Prerequisite: 01-BFS

Consider how to solve the following problem.

You are given a (directed) graph in which every edge has a length of \(0\) or \(1\).
Find the shortest distance from Vertex \(S\) to each vertex on this graph.

Those who are ready to try Problem E of ABC probably know that this problem can be solved with algorithms of solving shortest path problem like Dijkstra’s algorithm. This time, we will introduce a more efficient way.
Let’s take a look at the details of 01-BFS.

• First, prepare an empty deque.
• Define provisional shortest distances \(D[\) vertex index \(]=\{\) provisional distance \(\}\) as follows.
  • \(D[S]=0\).
  • \(D[x]=\infty\) for every vertex \(x\) other than \(S\).
• Add vertex \(S\) as the only element of the deque.
• Repeat the following until deque becomes empty.
  • Pop one element from the head of the deque. Let \(V\) be the popped vertex.
  • If \(V\) has not been visited yet, do the following operation and mark \(V\) as visited.
    • For each vertex \(W\) adjacent to \(V\), do the following.
      • If the length of the edge connecting \(V\) and \(W\) is \(0\) and \(D[W]>D[V]\), then push \(W\) to the head of the deque and let \(D[W]=D[V]\).
      • If the length of the edge connecting \(V\) and \(W\) is \(1\) and \(D[W]>D[V]+1\), then push \(W\) to the tail of the deque and let \(D[W]=D[V]+1\).

While the outline of the algorithm is the same as Dijkstra’s algorithm, it is distinctive in the usage of the deque.
In this algorithm, the deque plays the role of priority_queue in Dijkstra’s algorithm.

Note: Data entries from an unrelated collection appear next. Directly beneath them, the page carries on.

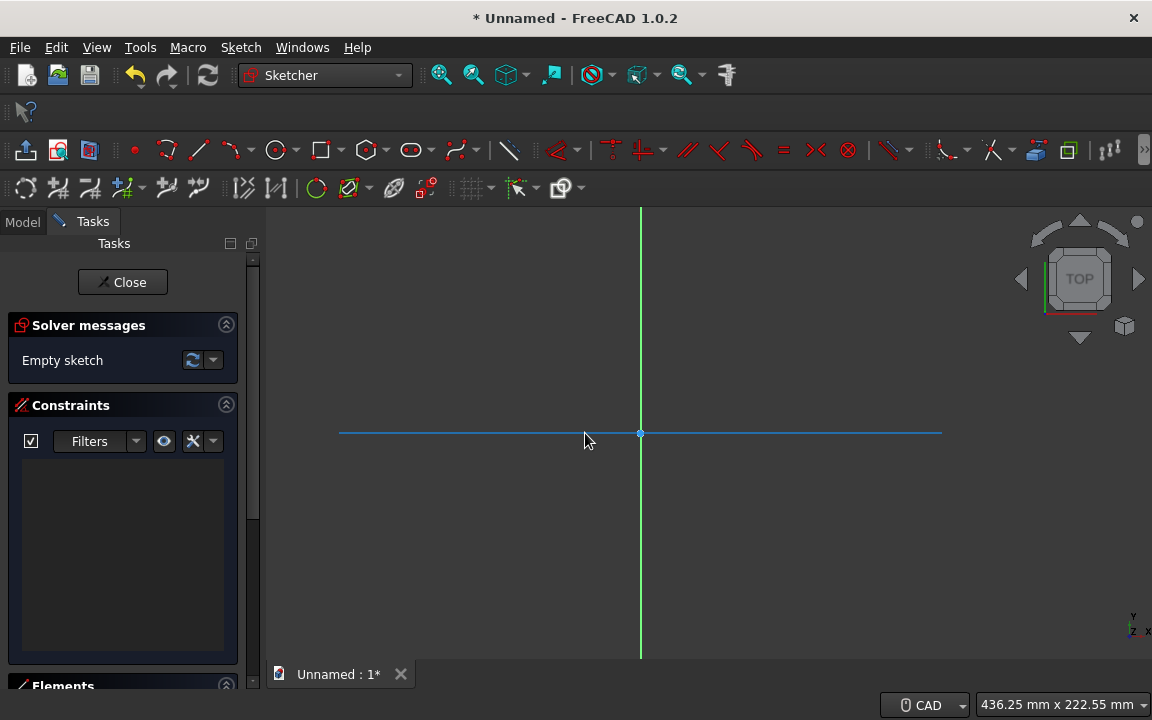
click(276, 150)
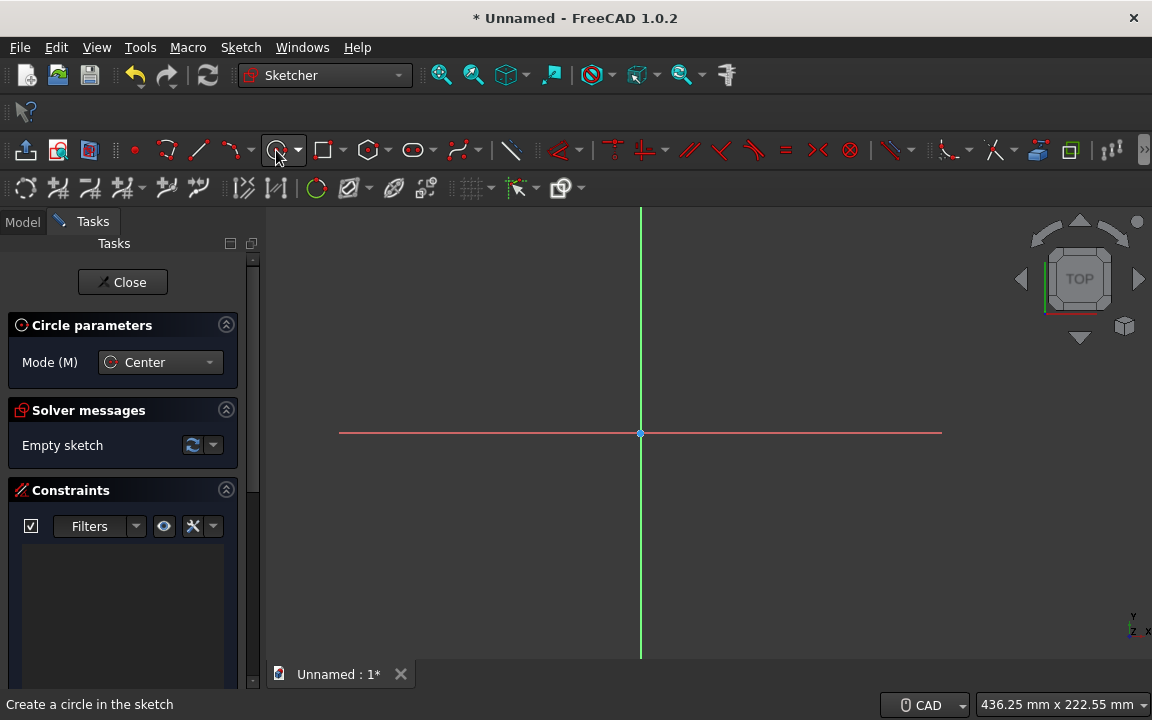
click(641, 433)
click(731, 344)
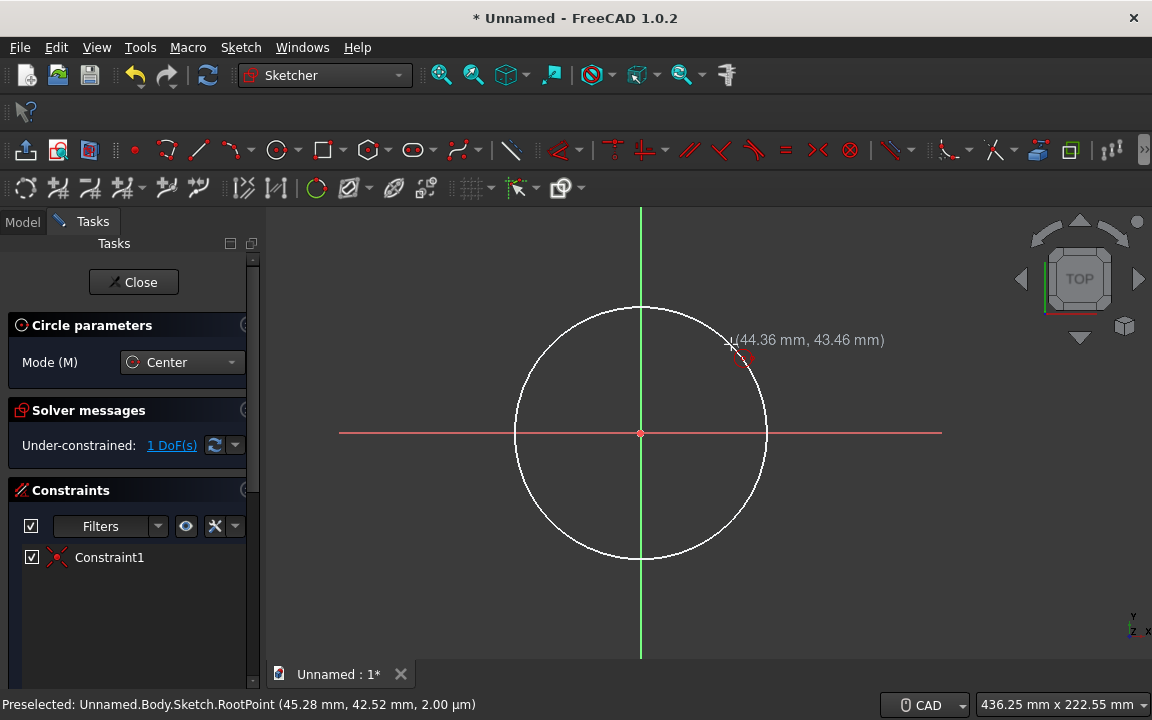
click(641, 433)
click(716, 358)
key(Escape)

If the elements are popped from the deque in the increasing order of the distances, then the algorithm works; indeed, this algorithm does work.

Solution of this problem

Now let’s consider how to solve the original problem with 01-BFS.
Do 01-BFS on a graph in which the vertices are triplets \((\)the \(x\)-coordinate of the square, the \(y\)-coordinate of the square, the direction of the last move\()\).
If the direction of the last move and the next move are different, the number of moves increases by \(1\); if they are the same, it increases by \(0\).
Therefore, the problem has been boiled down to 01-BFS. The time complexity is \(O(N^2)\). (Since the execution time limit is relatively long, in fast languages you may use Dijkstra’s algorithm instead of 01-BFS, which costs \(O(N^2 \log N)\) time but still will be accepted.)

Sample code (C++):

#include<bits/stdc++.h>

using namespace std;
using pi=pair<int,int>;
using ppi=pair<pi,int>;

int dx[4]={-1,-1,1,1};
int dy[4]={-1,1,-1,1};

int main(){
  int n,ax,ay,bx,by;
  cin >> n >> ax >> ay >> bx >> by;
  ax--;ay--;bx--;by--;
  vector<string> s(n);
  for(auto &nx : s){cin >> nx;}

  vector<vector<vector<int>>> d(n,vector<vector<int>>(n,vector<int>(4,1e9)));
  vector<vector<vector<bool>>> fl(n,vector<vector<bool>>(n,vector<bool>(4,false)));

  deque<ppi> dq;
  for(int i=0;i<4;i++){
    int cx=ax+dx[i];
    int cy=ay+dy[i];
    if(!(0<=cx && cx<n)){continue;}
    if(!(0<=cy && cy<n)){continue;}
    if(s[cx][cy]=='#'){continue;}
    d[cx][cy][i]=1;
    dq.push_back({{cx,cy},i});
  }

  while(!dq.empty()){
    ppi od=dq.front();dq.pop_front();
    if(od.first==make_pair(bx,by)){
      cout << d[bx][by][od.second] << '\n';
      return 0;
    }
    int cx=od.first.first;
    int cy=od.first.second;
    if(fl[cx][cy][od.second]){continue;}
    fl[cx][cy][od.second]=true;
    int cd=d[cx][cy][od.second];

    for(int i=0;i<4;i++){
      int nx=cx+dx[i];
      int ny=cy+dy[i];
      if(!(0<=nx && nx<n)){continue;}
      if(!(0<=ny && ny<n)){continue;}
      if(s[nx][ny]=='#'){continue;}

      int nd=cd;
      if(i!=od.second){nd++;}
      if(d[nx][ny][i]>nd){
        d[nx][ny][i]=nd;
        if(i==od.second){dq.push_front({{nx,ny},i});}
        else{dq.push_back({{nx,ny},i});}
      }
    }
  }
  cout << "-1\n";
  return 0;
}